After breakfast, I read the Daily Bulletin, the only newspaper published on Mondays. The Bulletin carried no news of special interest. At seven in the morning, Señor Alberto Guevara called me up. He had just heard over the radio that Hawaii’s Pearl Harbor had been attacked by Japanese planes. That was the first news of the war.
One of the Fathers came up with an “extra” of the Daily Bulletin. But the “extra” added very little to the scanty information we had. It was reported that Japan had declared war on the United States moments before Ambassador Kurusu delivered to Secretary Hull the answer to the demands of Roosevelt. Hull replied that those were the greatest bunch of lies the world had ever heard.
We are beginning to realize that we are engulfed in the whirlpool of war. There is excitement, there are telephone calls, sirens, plans, scamperings, panic-buying of food, clothes and other provisions. Speculations and projections run big. Everybody is playing prophet. Would they attack? No, they would not dare. If they do, it would be by air from Formosa, Hainan, in aircraft carriers. Landing places would be Lingayen and Batangas, but they are fortified. By sea, it is impossible to pass through Corregidor. Evacuate the capital: to Laguna, Rizal, Bulacan, Bicolandia, Visayas. Manila will be mercilessly destroyed. Wait for developments.

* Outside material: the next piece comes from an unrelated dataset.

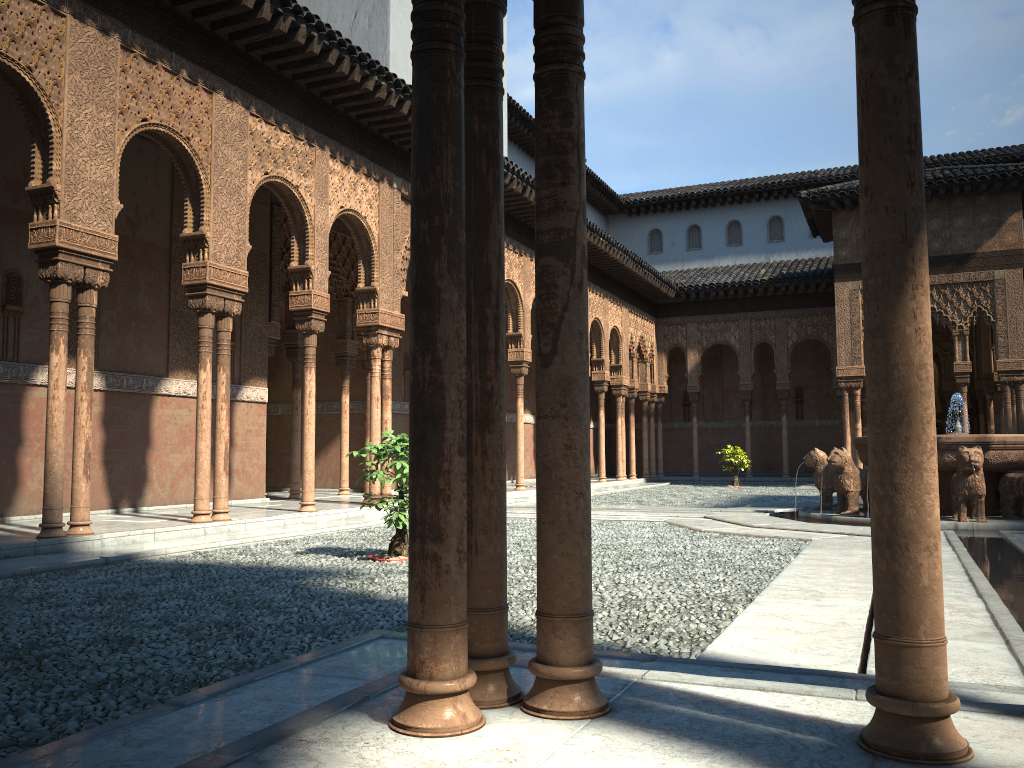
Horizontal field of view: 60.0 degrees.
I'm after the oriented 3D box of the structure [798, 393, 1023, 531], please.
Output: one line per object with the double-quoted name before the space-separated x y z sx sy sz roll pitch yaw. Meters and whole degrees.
"structure" 6.650 1.123 13.197 4.508 1.991 4.508 -2 -5 23

Thus it was on the day of the Immaculate Conception.
By midmorning, the Director of Private Schools announced that all classes are suspended until further notice.

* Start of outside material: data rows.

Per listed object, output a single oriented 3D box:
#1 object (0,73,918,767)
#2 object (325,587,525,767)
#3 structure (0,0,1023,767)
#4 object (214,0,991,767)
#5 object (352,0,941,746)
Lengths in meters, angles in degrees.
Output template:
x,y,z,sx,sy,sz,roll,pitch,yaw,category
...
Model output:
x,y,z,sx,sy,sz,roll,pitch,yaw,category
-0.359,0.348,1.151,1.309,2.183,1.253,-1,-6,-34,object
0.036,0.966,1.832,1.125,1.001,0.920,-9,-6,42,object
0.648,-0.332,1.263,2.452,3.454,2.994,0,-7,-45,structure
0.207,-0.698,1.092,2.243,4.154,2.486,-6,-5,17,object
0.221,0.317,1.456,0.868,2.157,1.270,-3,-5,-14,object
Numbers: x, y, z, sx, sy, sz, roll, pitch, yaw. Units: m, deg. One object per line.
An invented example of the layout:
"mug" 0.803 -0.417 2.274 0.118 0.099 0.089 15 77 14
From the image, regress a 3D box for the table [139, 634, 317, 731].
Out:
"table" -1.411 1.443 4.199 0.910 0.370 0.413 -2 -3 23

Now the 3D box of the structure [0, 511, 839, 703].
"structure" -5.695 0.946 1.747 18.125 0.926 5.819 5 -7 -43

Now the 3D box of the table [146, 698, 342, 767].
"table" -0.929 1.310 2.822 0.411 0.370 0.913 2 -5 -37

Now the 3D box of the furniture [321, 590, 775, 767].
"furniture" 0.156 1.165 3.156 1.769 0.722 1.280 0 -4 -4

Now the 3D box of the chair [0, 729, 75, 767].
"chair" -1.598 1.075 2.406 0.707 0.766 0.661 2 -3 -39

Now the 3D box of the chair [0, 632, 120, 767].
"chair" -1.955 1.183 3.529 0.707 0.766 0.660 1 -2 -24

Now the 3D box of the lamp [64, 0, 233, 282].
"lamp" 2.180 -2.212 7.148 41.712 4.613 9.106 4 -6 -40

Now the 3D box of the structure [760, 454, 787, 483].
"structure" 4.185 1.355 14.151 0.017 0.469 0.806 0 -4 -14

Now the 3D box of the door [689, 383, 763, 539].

But when will this further notice come?
I attended the Provincial Council to discuss emergency and urgent matter. The Father Provincial had just arrived by car all the way from Aparri, as the boat he was supposed to take was late. It was providential though. The boat was later bombed and sunk by Japanese planes.
The other Fathers who felt more secure in the provinces or with friendly families have been allowed to receive money from and live with them. It was feared that the government would order the evacuation of some districts, Intramuros among them. The suburbs are considered safer.
As Chairman of the National Basketball Committee, I presided over the meeting scheduled for today. The members of the Committee unanimously decided to suspend the national championship games which were to start the day after tomorrow. The teams from Cebu and Iloilo arrived yesterday; they were sent back home. There could be bombings during the games and we wanted to avoid a possible catastrophe.
Came night time. There was complete black-out. We slept in our rooms on the fourth floor. Two Fathers volunteered to keep watch for the night and to give warning in case of an air raid. It was necessary though, as the siren was situated at the Post Office, about 200 meters away.
We were awakened before midnight by its shrill, doleful sound as if it were announcing gloom which the nocturnal planes would sow. The vestibule and the receiving room were converted into shelters. One hour in the shelters and back to bed.
At three o’clock there was another signal. We scampered down in total darkness, feeling the wall with our hands, taking care that we and the boarders would not slip.
The planes could not be seen. We only saw a small red star like a wandering ruby among the others which were gilded and immobile in the sky.
Then an airborne fleet, like buzzing bumble bees made known its presence. The searchlights ripped the thick mantle of darkness that enveloped us. A frantic volley of shots deafened us. The CEA fired their pistols, the cadets and recruits fired their guns. Artillery and antiaircraft guns thundered, dominating this infernal macabre orchestra with their barking.
The planes continued their majestic flight at a comfortable altitude that permitted them to enjoy the sight of the dogs which below were barking at them with fury.
There were sounds of bomb explosions. We calculated where they fell. Each one of us suddenly became an expert in localizing these deep rumblings. We were hearing them for the first time in our lives, but we indicated the places being bombed with the accuracy of veteran warriors.
And so ended the first day of war, with a greater noise and din than New Year’s eve. Beautiful was the perspective the god Mars showed us!